_What the task asks_
What follows is a listing to transcribe exactly, leaving the pictures out.
-------- The input --------
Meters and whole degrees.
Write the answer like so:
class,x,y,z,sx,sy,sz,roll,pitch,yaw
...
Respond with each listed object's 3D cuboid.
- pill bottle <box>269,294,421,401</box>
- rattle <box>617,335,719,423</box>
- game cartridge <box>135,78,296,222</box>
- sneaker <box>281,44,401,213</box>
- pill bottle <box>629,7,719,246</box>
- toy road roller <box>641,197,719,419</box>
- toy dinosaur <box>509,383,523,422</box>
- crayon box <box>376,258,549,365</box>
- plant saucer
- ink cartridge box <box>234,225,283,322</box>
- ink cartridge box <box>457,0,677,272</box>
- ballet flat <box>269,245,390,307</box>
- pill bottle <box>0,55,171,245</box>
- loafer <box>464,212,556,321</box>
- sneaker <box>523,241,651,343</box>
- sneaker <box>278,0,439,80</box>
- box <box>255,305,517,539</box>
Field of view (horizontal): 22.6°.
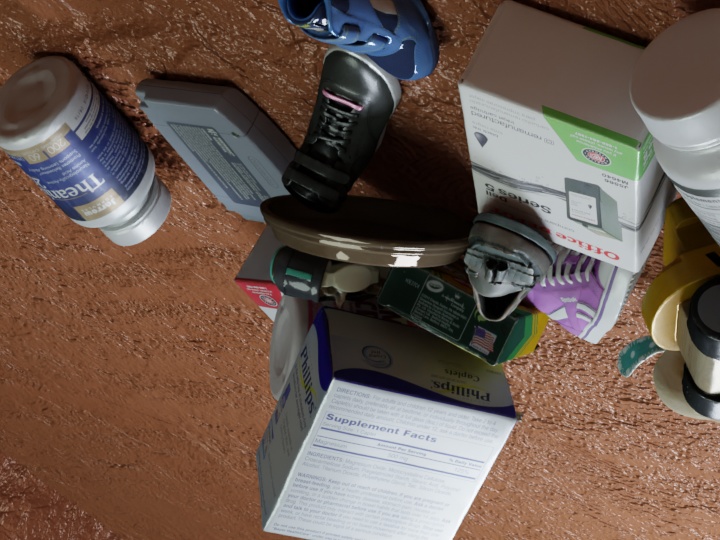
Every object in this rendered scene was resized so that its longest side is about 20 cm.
class,x,y,z,sx,sy,sz,roll,pitch,yaw
pill bottle,0.018,0.082,1.752,0.198,0.115,0.113,8,163,-15
rattle,0.284,0.041,1.552,0.143,0.130,0.200,54,175,-29
game cartridge,-0.119,-0.112,1.745,0.132,0.042,0.200,7,150,36
sneaker,-0.020,-0.114,1.530,0.070,0.100,0.200,27,158,7
pill bottle,0.270,-0.079,1.230,0.113,0.115,0.200,5,149,45
toy road roller,0.311,0.006,1.374,0.198,0.147,0.123,-17,147,-4
toy dinosaur,0.116,0.142,1.996,0.100,0.059,0.200,12,153,38
crayon box,0.104,0.031,1.677,0.126,0.051,0.200,28,-171,14
plant saucer,0.007,-0.036,1.608,0.198,0.030,0.200,7,-168,-1
ink cartridge box,-0.013,0.043,1.888,0.143,0.084,0.200,5,146,45
ink cartridge box,0.162,-0.097,1.362,0.144,0.085,0.200,22,159,18
ballet flat,0.000,0.000,1.665,0.073,0.074,0.199,12,-169,36
pill bottle,-0.279,-0.115,1.831,0.110,0.112,0.200,10,152,39
loafer,0.119,0.003,1.476,0.071,0.063,0.200,22,174,10
sneaker,0.183,0.001,1.580,0.114,0.073,0.201,30,159,4
sneaker,-0.015,-0.199,1.356,0.073,0.083,0.200,4,150,44
box,0.019,0.155,1.668,0.182,0.105,0.201,13,125,-18
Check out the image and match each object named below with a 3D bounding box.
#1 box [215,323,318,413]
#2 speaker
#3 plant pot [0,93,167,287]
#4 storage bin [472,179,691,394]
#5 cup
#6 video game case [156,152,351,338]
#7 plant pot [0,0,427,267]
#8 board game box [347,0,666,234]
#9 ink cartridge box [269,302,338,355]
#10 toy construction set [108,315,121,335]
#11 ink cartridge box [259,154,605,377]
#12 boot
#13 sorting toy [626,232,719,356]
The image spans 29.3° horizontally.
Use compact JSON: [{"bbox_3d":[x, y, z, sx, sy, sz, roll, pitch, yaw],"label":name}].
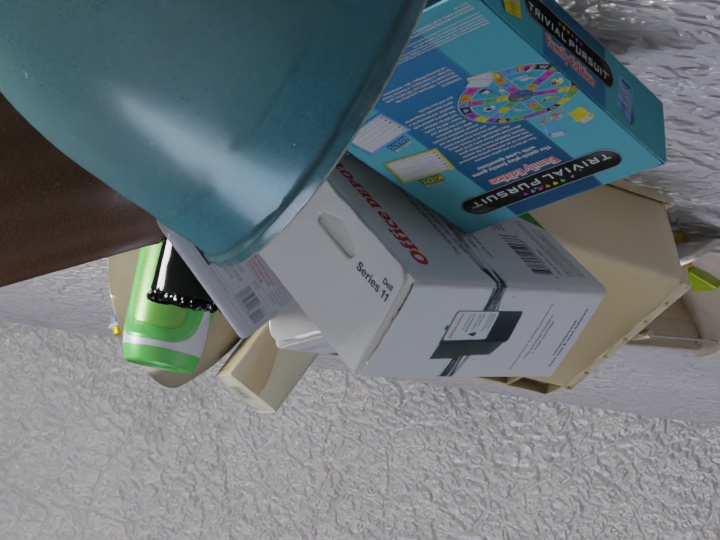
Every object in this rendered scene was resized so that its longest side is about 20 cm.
[{"bbox_3d":[-0.087,0.077,1.732,0.078,0.201,0.095,39,163,-10],"label":"box"},{"bbox_3d":[-0.187,0.000,1.415,0.087,0.202,0.088,10,171,2],"label":"speaker"},{"bbox_3d":[-0.245,-0.078,0.988,0.197,0.202,0.200,-12,-178,-29],"label":"plant pot"},{"bbox_3d":[0.136,0.007,1.161,0.198,0.094,0.199,15,138,-28],"label":"storage bin"},{"bbox_3d":[-0.207,0.032,1.751,0.142,0.202,0.200,-20,161,16],"label":"cup"},{"bbox_3d":[-0.050,-0.044,1.065,0.023,0.181,0.200,51,174,27],"label":"video game case"},{"bbox_3d":[-0.093,-0.135,0.617,0.187,0.201,0.200,30,164,-19],"label":"plant pot"},{"bbox_3d":[0.063,-0.102,0.805,0.150,0.047,0.199,-19,145,36],"label":"board game box"},{"bbox_3d":[0.000,0.000,1.271,0.084,0.146,0.199,-16,166,30],"label":"ink cartridge box"},{"bbox_3d":[-0.362,0.088,2.457,0.130,0.093,0.200,-15,176,4],"label":"toy construction set"},{"bbox_3d":[0.047,-0.002,0.941,0.199,0.083,0.147,5,-146,-44],"label":"ink cartridge box"},{"bbox_3d":[-0.155,-0.050,1.196,0.196,0.164,0.073,8,179,17],"label":"boot"},{"bbox_3d":[0.295,0.008,1.278,0.198,0.108,0.180,6,164,-30],"label":"sorting toy"}]
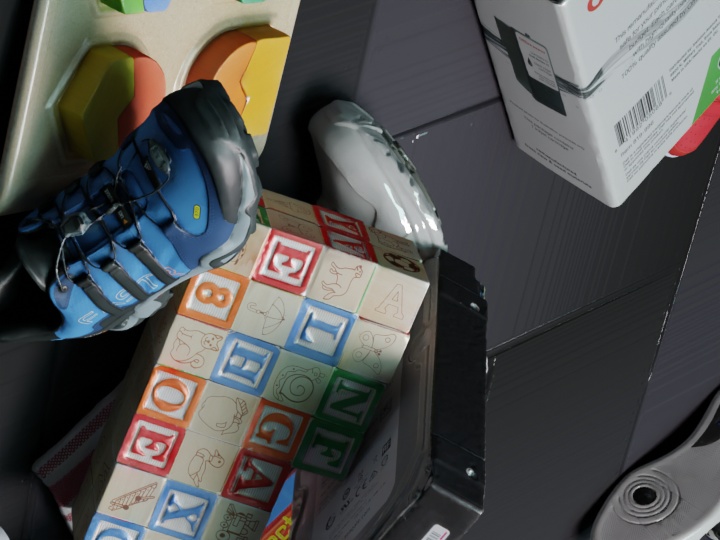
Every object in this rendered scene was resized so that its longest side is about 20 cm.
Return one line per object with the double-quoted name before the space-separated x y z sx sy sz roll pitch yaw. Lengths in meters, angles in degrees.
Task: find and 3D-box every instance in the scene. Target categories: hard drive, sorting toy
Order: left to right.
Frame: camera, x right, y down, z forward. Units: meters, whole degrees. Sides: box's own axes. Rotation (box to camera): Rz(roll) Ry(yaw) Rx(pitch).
"sorting toy" -0.085 -0.119 1.372 0.185 0.036 0.201 -13 129 -50
"hard drive" 0.012 0.096 1.477 0.140 0.038 0.200 -51 -162 31

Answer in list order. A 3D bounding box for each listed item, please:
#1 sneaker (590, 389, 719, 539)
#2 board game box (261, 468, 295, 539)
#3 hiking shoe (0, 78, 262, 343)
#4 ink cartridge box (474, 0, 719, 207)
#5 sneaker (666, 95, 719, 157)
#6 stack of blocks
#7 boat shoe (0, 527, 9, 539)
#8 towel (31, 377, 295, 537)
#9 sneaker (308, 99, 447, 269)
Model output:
"sneaker" 0.242 0.176 2.082 0.200 0.073 0.112 -40 145 -28
"board game box" -0.026 0.180 1.679 0.196 0.056 0.200 -42 160 -22
"hiking shoe" -0.111 -0.015 1.334 0.086 0.075 0.200 -21 163 -35
"ink cartridge box" 0.144 -0.155 1.618 0.147 0.083 0.200 -46 149 -17
"sneaker" 0.251 -0.142 1.756 0.071 0.112 0.201 -6 123 -52
"stack of blocks" -0.058 0.065 1.460 0.115 0.059 0.201 19 108 -15
"boat shoe" -0.219 0.208 1.450 0.068 0.074 0.200 9 111 -53
"towel" -0.101 0.110 1.579 0.146 0.030 0.200 -44 146 -19
"sneaker" 0.000 0.000 1.564 0.099 0.078 0.200 -24 126 -2
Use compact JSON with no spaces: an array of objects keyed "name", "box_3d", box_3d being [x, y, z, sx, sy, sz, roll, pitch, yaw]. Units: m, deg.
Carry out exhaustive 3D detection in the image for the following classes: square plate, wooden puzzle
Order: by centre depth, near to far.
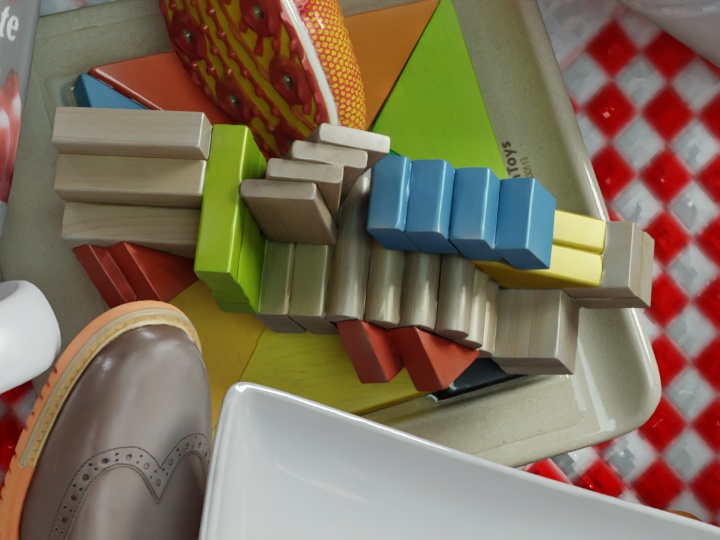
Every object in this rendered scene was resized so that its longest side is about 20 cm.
[{"name":"square plate","box_3d":[0.024,0.153,0.720,0.200,0.028,0.199,19,70,-29]},{"name":"wooden puzzle","box_3d":[-0.016,-0.013,0.802,0.200,0.037,0.185,-15,81,-14]}]

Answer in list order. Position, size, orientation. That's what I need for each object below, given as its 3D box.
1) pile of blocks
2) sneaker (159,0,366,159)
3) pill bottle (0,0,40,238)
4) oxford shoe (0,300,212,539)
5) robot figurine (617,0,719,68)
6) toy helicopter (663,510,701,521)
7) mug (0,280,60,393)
--------
_Result below_
Meters and whole degrees.
Write the answer like so:
class,x,y,z,sx,sy,sz,roll,pitch,yaw
...
Respond with each listed object's 3D cuboid.
- pill bottle <box>269,294,421,401</box>
- rattle <box>617,335,719,423</box>
- game cartridge <box>135,78,296,222</box>
- sneaker <box>281,44,401,213</box>
- pill bottle <box>629,7,719,246</box>
- toy road roller <box>641,197,719,419</box>
- toy dinosaur <box>509,383,523,422</box>
- crayon box <box>376,258,549,365</box>
- plant saucer
- ink cartridge box <box>234,225,283,322</box>
- ink cartridge box <box>457,0,677,272</box>
- ballet flat <box>269,245,390,307</box>
- pill bottle <box>0,55,171,245</box>
- loafer <box>464,212,556,321</box>
- sneaker <box>523,241,651,343</box>
- sneaker <box>278,0,439,80</box>
- box <box>255,305,517,539</box>
Field of view (horizontal): 22.6°.
Every object in this rendered scene was resized so that its longest side is about 20 cm.
class,x,y,z,sx,sy,sz,roll,pitch,yaw
pill bottle,0.018,0.082,1.752,0.198,0.115,0.113,8,163,-15
rattle,0.284,0.041,1.552,0.143,0.130,0.200,54,175,-29
game cartridge,-0.119,-0.112,1.745,0.132,0.042,0.200,7,150,36
sneaker,-0.020,-0.114,1.530,0.070,0.100,0.200,27,158,7
pill bottle,0.270,-0.079,1.230,0.113,0.115,0.200,5,149,45
toy road roller,0.311,0.006,1.374,0.198,0.147,0.123,-17,147,-4
toy dinosaur,0.116,0.142,1.996,0.100,0.059,0.200,12,153,38
crayon box,0.104,0.031,1.677,0.126,0.051,0.200,28,-171,14
plant saucer,0.007,-0.036,1.608,0.198,0.030,0.200,7,-168,-1
ink cartridge box,-0.013,0.043,1.888,0.143,0.084,0.200,5,146,45
ink cartridge box,0.162,-0.097,1.362,0.144,0.085,0.200,22,159,18
ballet flat,0.000,0.000,1.665,0.073,0.074,0.199,12,-169,36
pill bottle,-0.279,-0.115,1.831,0.110,0.112,0.200,10,152,39
loafer,0.119,0.003,1.476,0.071,0.063,0.200,22,174,10
sneaker,0.183,0.001,1.580,0.114,0.073,0.201,30,159,4
sneaker,-0.015,-0.199,1.356,0.073,0.083,0.200,4,150,44
box,0.019,0.155,1.668,0.182,0.105,0.201,13,125,-18
Check out the image and match each object named below with a 3D bounding box.
#1 box [215,323,318,413]
#2 speaker
#3 plant pot [0,93,167,287]
#4 storage bin [472,179,691,394]
#5 cup
#6 video game case [156,152,351,338]
#7 plant pot [0,0,427,267]
#8 board game box [347,0,666,234]
#9 ink cartridge box [269,302,338,355]
#10 toy construction set [108,315,121,335]
#11 ink cartridge box [259,154,605,377]
#12 boot
#13 sorting toy [626,232,719,356]
The image spans 29.3° horizontally.
Use compact JSON: [{"bbox_3d":[x, y, z, sx, sy, sz, roll, pitch, yaw],"label":name}].
Every object in this rendered scene was resized so that its longest side is about 20 cm.
[{"bbox_3d":[-0.087,0.077,1.732,0.078,0.201,0.095,39,163,-10],"label":"box"},{"bbox_3d":[-0.187,0.000,1.415,0.087,0.202,0.088,10,171,2],"label":"speaker"},{"bbox_3d":[-0.245,-0.078,0.988,0.197,0.202,0.200,-12,-178,-29],"label":"plant pot"},{"bbox_3d":[0.136,0.007,1.161,0.198,0.094,0.199,15,138,-28],"label":"storage bin"},{"bbox_3d":[-0.207,0.032,1.751,0.142,0.202,0.200,-20,161,16],"label":"cup"},{"bbox_3d":[-0.050,-0.044,1.065,0.023,0.181,0.200,51,174,27],"label":"video game case"},{"bbox_3d":[-0.093,-0.135,0.617,0.187,0.201,0.200,30,164,-19],"label":"plant pot"},{"bbox_3d":[0.063,-0.102,0.805,0.150,0.047,0.199,-19,145,36],"label":"board game box"},{"bbox_3d":[0.000,0.000,1.271,0.084,0.146,0.199,-16,166,30],"label":"ink cartridge box"},{"bbox_3d":[-0.362,0.088,2.457,0.130,0.093,0.200,-15,176,4],"label":"toy construction set"},{"bbox_3d":[0.047,-0.002,0.941,0.199,0.083,0.147,5,-146,-44],"label":"ink cartridge box"},{"bbox_3d":[-0.155,-0.050,1.196,0.196,0.164,0.073,8,179,17],"label":"boot"},{"bbox_3d":[0.295,0.008,1.278,0.198,0.108,0.180,6,164,-30],"label":"sorting toy"}]
Every object in this rendered scene was resized so that its longest side is about 20 cm.
Return one line per object with the double-quoted name before the space-separated x y z sx sy sz roll pitch yaw. Lengths in meters, angles in degrees.
Task: find and 3D-box every instance in the scene. Target categories: hard drive, sorting toy
Order: left to right.
Frame: camera, x right, y down, z forward. Units: meters, whole degrees. Sides: box's own axes. Rotation (box to camera): Rz(roll) Ry(yaw) Rx(pitch).
"sorting toy" -0.085 -0.119 1.372 0.185 0.036 0.201 -13 129 -50
"hard drive" 0.012 0.096 1.477 0.140 0.038 0.200 -51 -162 31

Answer in list order. A 3D bounding box for each listed item, please:
#1 sneaker (590, 389, 719, 539)
#2 board game box (261, 468, 295, 539)
#3 hiking shoe (0, 78, 262, 343)
#4 ink cartridge box (474, 0, 719, 207)
#5 sneaker (666, 95, 719, 157)
#6 stack of blocks
#7 boat shoe (0, 527, 9, 539)
#8 towel (31, 377, 295, 537)
#9 sneaker (308, 99, 447, 269)
Model output:
"sneaker" 0.242 0.176 2.082 0.200 0.073 0.112 -40 145 -28
"board game box" -0.026 0.180 1.679 0.196 0.056 0.200 -42 160 -22
"hiking shoe" -0.111 -0.015 1.334 0.086 0.075 0.200 -21 163 -35
"ink cartridge box" 0.144 -0.155 1.618 0.147 0.083 0.200 -46 149 -17
"sneaker" 0.251 -0.142 1.756 0.071 0.112 0.201 -6 123 -52
"stack of blocks" -0.058 0.065 1.460 0.115 0.059 0.201 19 108 -15
"boat shoe" -0.219 0.208 1.450 0.068 0.074 0.200 9 111 -53
"towel" -0.101 0.110 1.579 0.146 0.030 0.200 -44 146 -19
"sneaker" 0.000 0.000 1.564 0.099 0.078 0.200 -24 126 -2
Use compact JSON with no spaces: an array of objects keyed "name", "box_3d", box_3d being [x, y, z, sx, sy, sz, roll, pitch, yaw]. Units: m, deg.
Carry out exhaustive 3D detection in the image for the following classes: square plate, wooden puzzle
Order: by centre depth, near to far.
Every object in this rendered scene was resized so that its longest side is about 20 cm.
[{"name":"square plate","box_3d":[0.024,0.153,0.720,0.200,0.028,0.199,19,70,-29]},{"name":"wooden puzzle","box_3d":[-0.016,-0.013,0.802,0.200,0.037,0.185,-15,81,-14]}]

Answer in list order. Position, size, orientation. That's what I need for each object below, given as its 3D box.
1) pile of blocks
2) sneaker (159,0,366,159)
3) pill bottle (0,0,40,238)
4) oxford shoe (0,300,212,539)
5) robot figurine (617,0,719,68)
6) toy helicopter (663,510,701,521)
7) mug (0,280,60,393)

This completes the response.